她今日听到太多匪夷所思的言语,白昀讶异得有些坐不稳,急扶了一把珐琅罗汉床的玛瑙把手,先稳住了身形,再稳定了情绪。
这事可大可小,她记得温友炽的叮嘱,强硬道:“你在胡说些什么?!棺材完好无损,里面也没有任何问题!你在哪里听得这些臆断?”
晏潆潆本是平静的脸庞起了异样:“完好无损?没有问题?是殿下亲眼所见吗?殿下亲眼见过夭折孩儿的尸骨?”
“虽非殿下亲眼所见,但扒坟之事十恶不赦,都是殿下极其信任的属下,绝不会有欺瞒”。
晏潆潆不愿相信,她依着朗郁的描述画了那么多的画,绝不是臆想能做到的,她怀疑道:“会不会光线暗淡,时间匆忙,并未看清?”
白昀回过神来,揪住她的话问:“你的夫君,朗郁?为何是棺材里的人?谁说的?”
晏潆潆想到祖母寿宴上那幅寿星画像,它应该在宫里,找到它和朗郁的画像比对,自然一目了然。
她对白昀请求道:“皇后娘娘,我祖母昭惠大长公主六十寿宴时,先帝命宫廷画师为她做了一幅寿星图,并御笔亲题。

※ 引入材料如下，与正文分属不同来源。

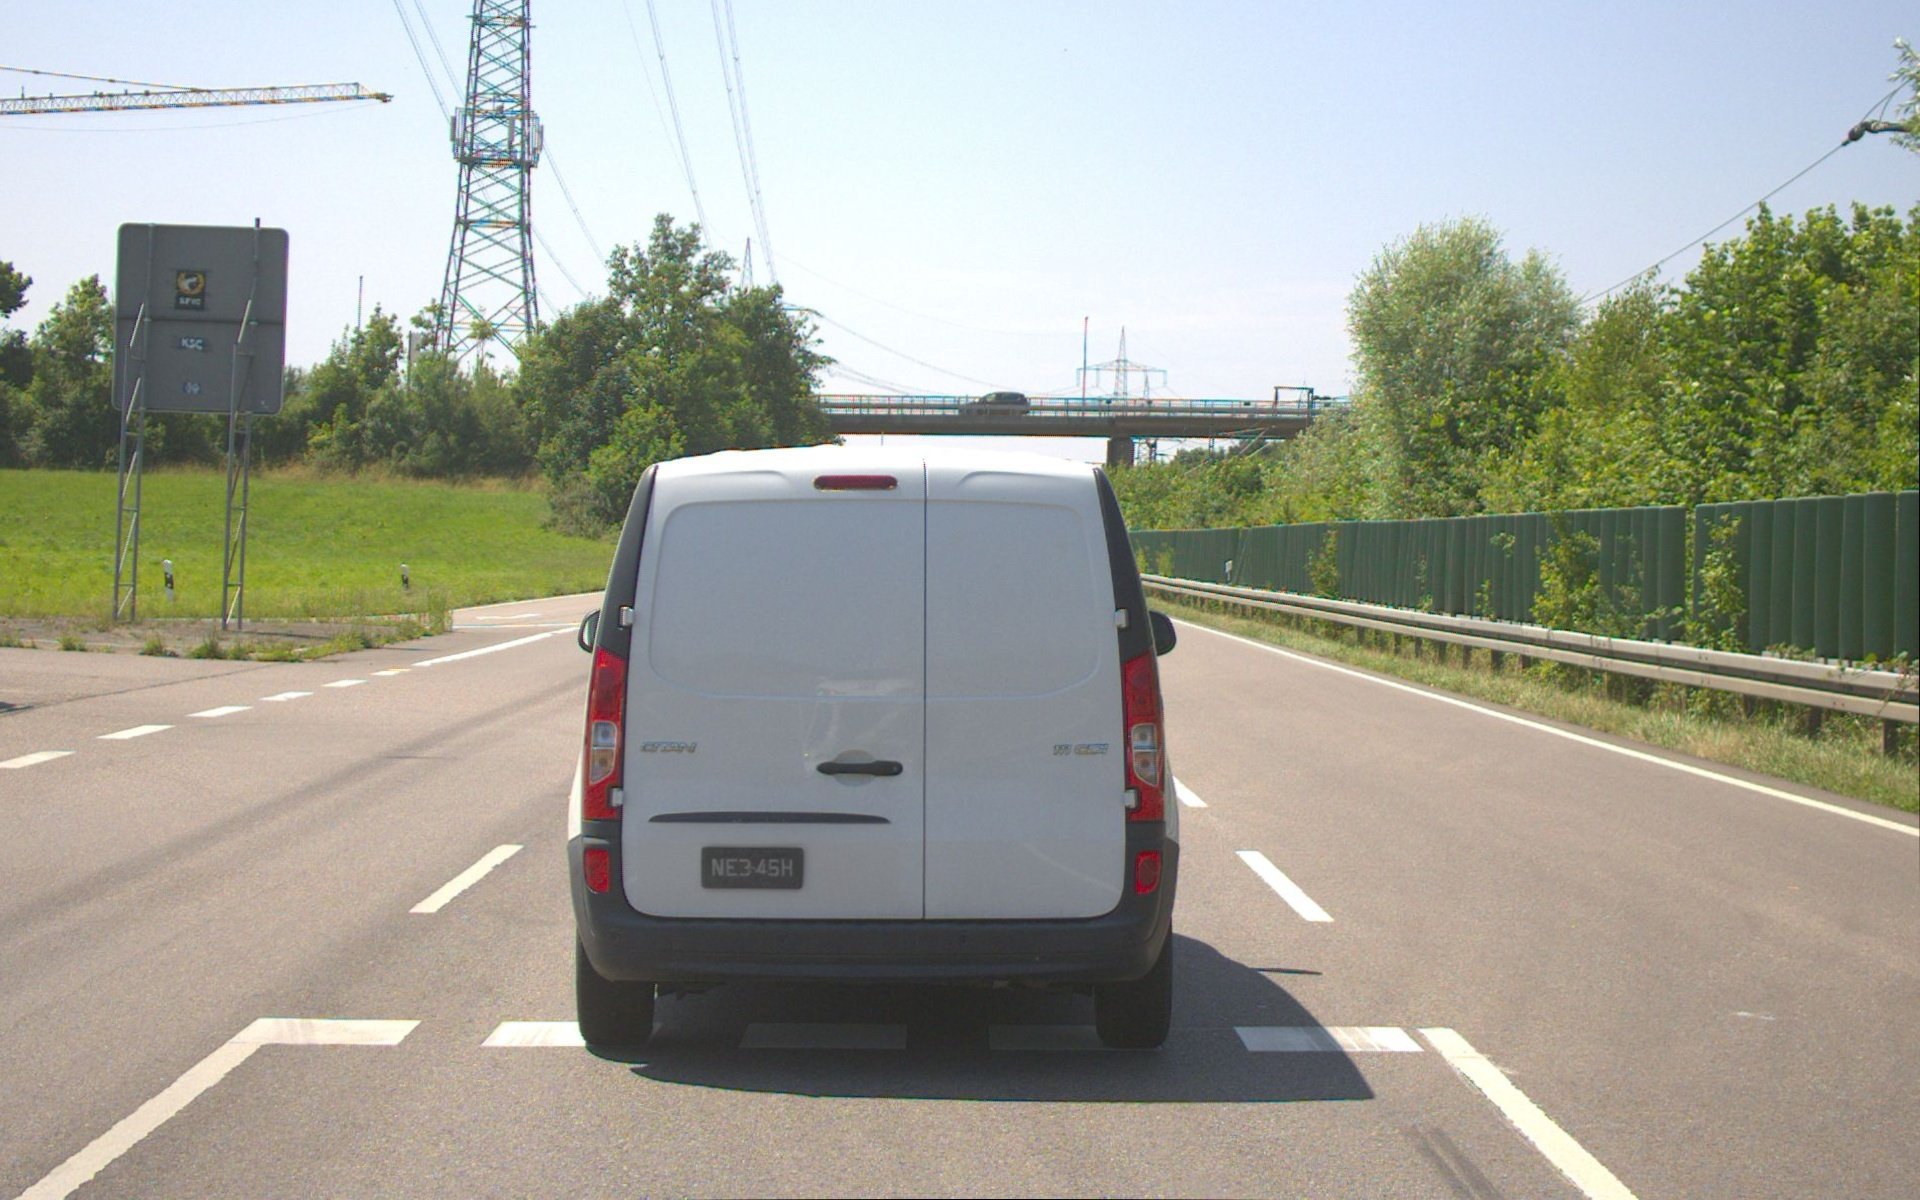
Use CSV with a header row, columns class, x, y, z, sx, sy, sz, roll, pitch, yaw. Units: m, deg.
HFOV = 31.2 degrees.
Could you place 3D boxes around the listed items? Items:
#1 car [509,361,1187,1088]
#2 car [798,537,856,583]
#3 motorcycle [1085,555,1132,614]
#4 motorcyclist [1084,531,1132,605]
class,x,y,z,sx,sy,sz,roll,pitch,yaw
car,-0.331,0.304,11.381,1.827,1.964,4.000,1,1,-1
car,-4.436,-1.343,115.362,1.782,1.459,4.000,1,1,-1
motorcycle,3.023,-0.329,70.190,0.790,1.153,1.901,1,1,-2
motorcyclist,3.016,-0.658,70.221,0.889,1.471,1.002,1,1,-1
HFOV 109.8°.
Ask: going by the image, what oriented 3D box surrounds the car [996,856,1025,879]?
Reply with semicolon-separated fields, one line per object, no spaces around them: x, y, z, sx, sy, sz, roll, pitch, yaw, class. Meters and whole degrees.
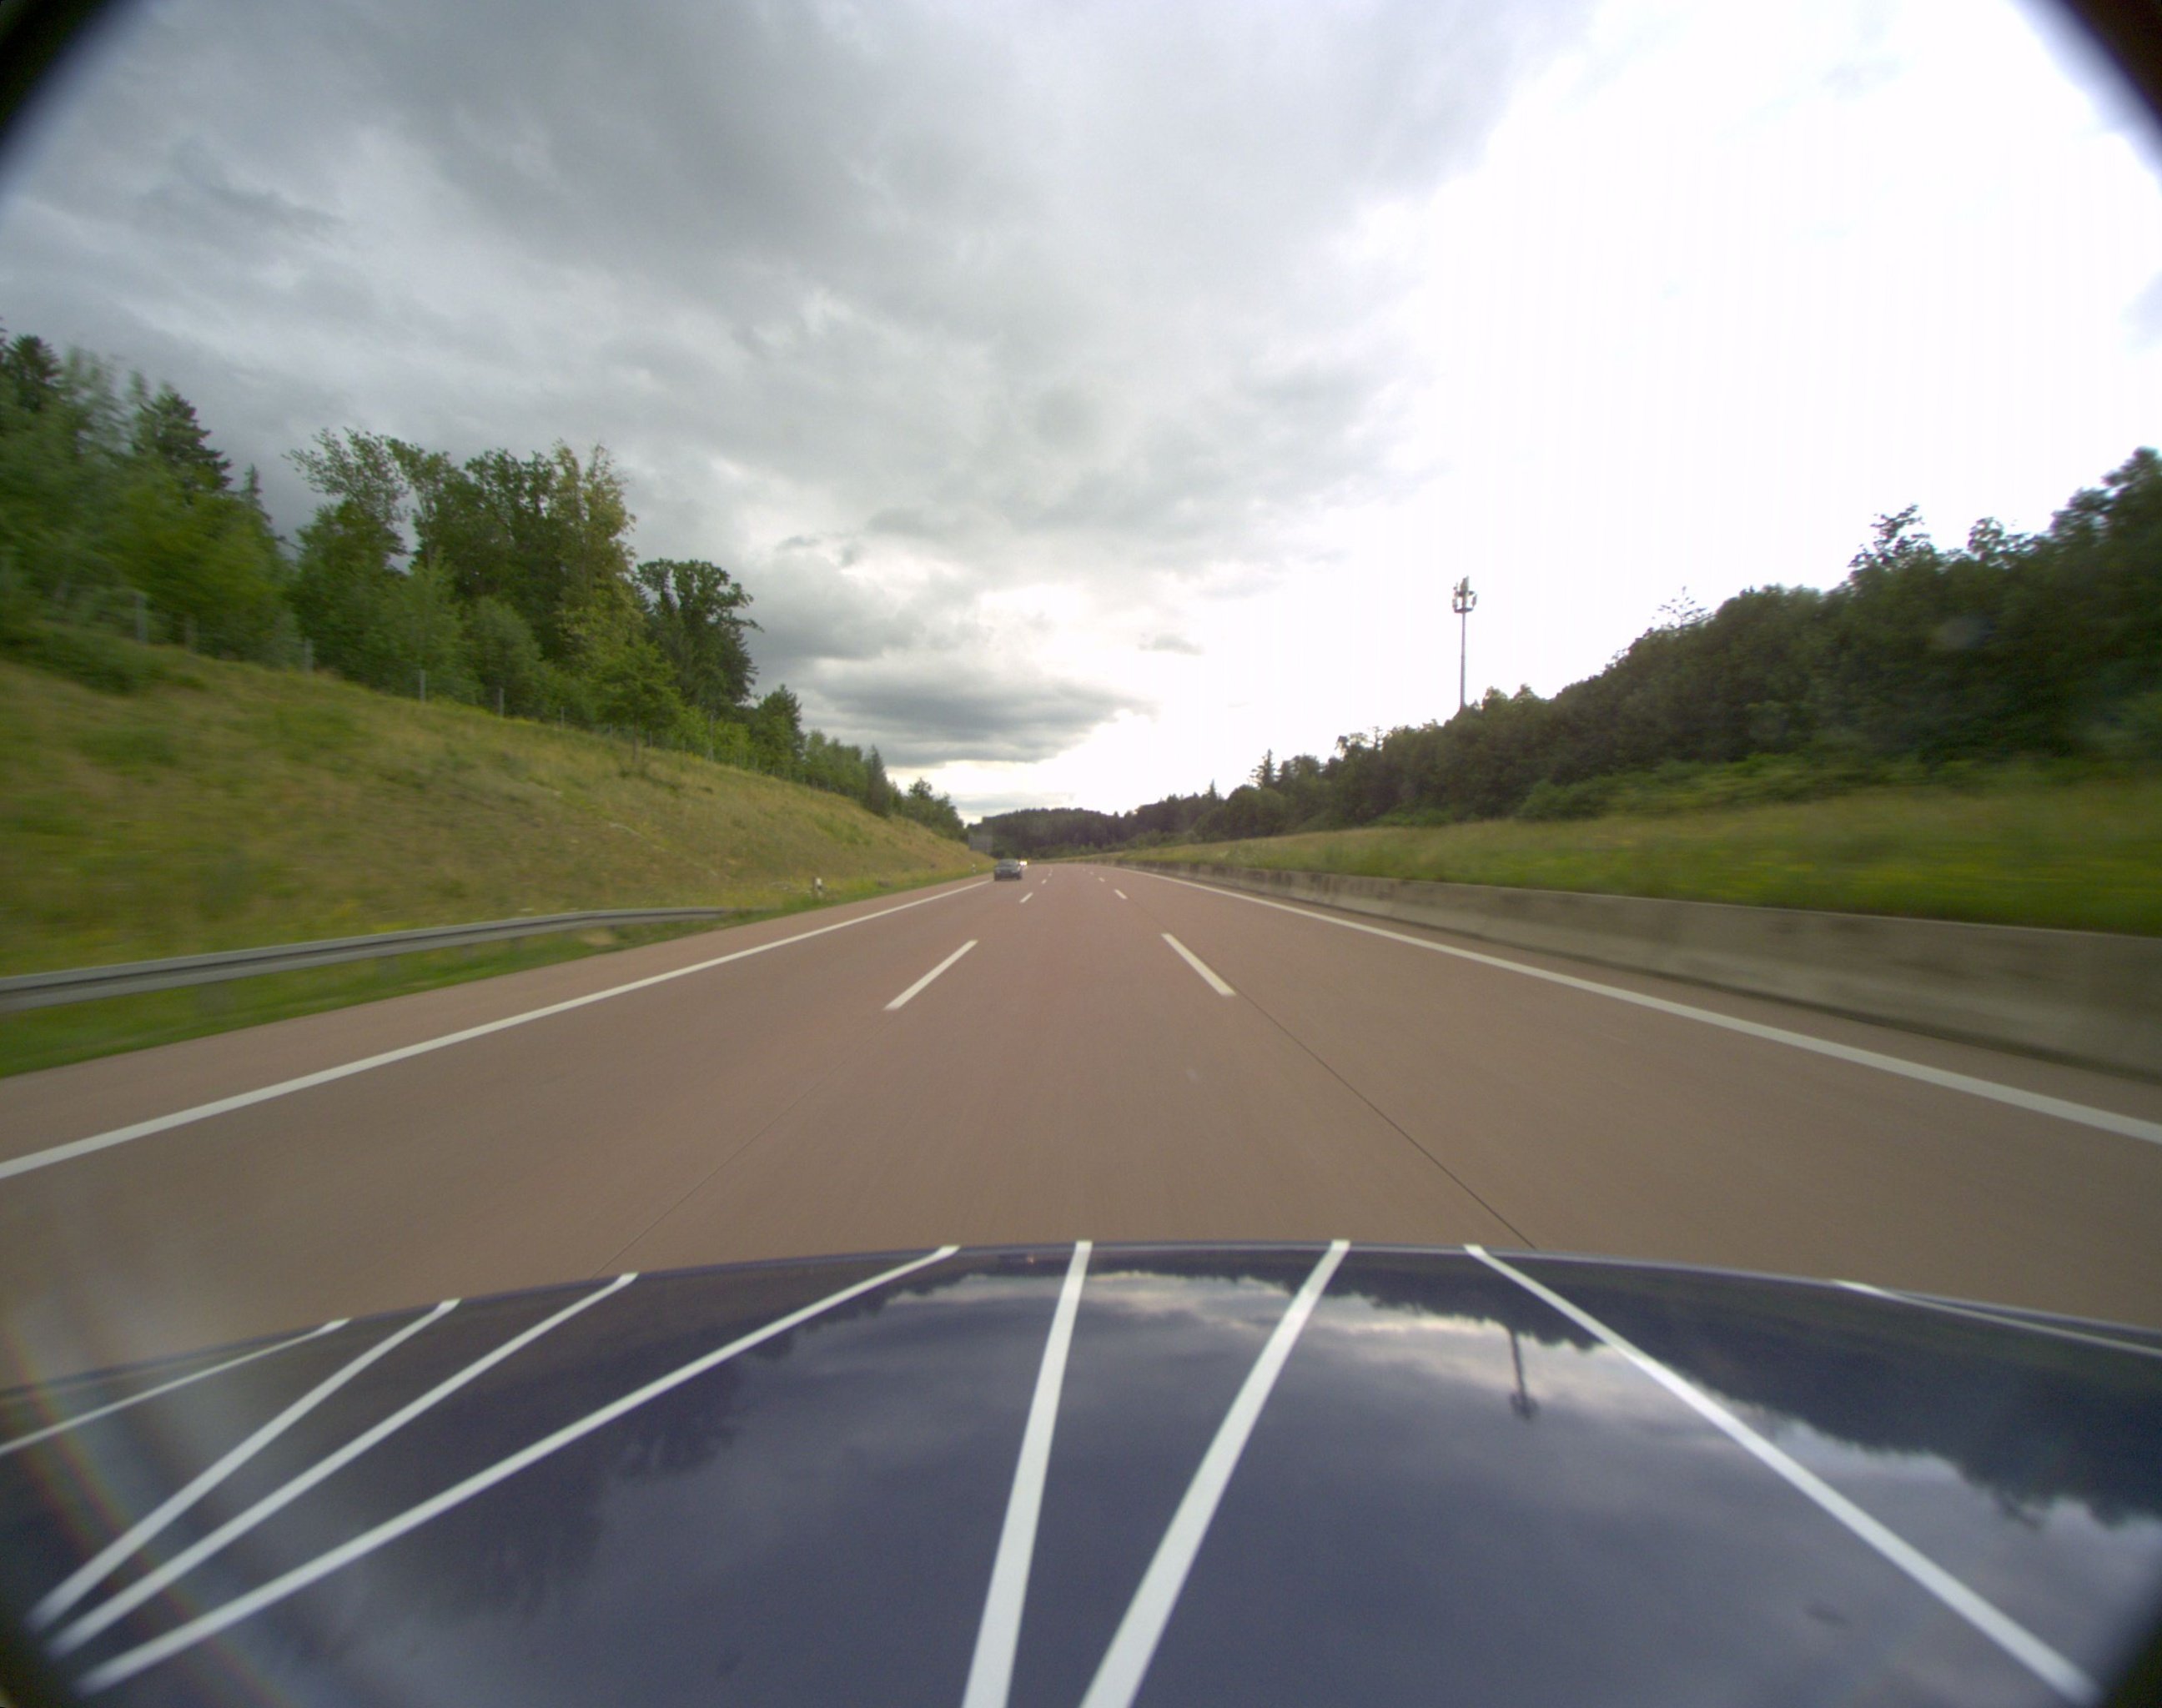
-4.838;0.889;52.505;1.676;1.395;4.232;-1;1;-1;car

这幅画中男女仙童是以我和管及诚大人的嫡子为样。这幅画抄家后并未返还,想来还在宫中,皇后娘娘只要找到画作便知我所说句句为真”。
白昀沉默了片刻,摇铃唤来宫人,命去库房找画,临了又命宫人去皇帝近侍处讨要一幅朗郁昭告天下的画像。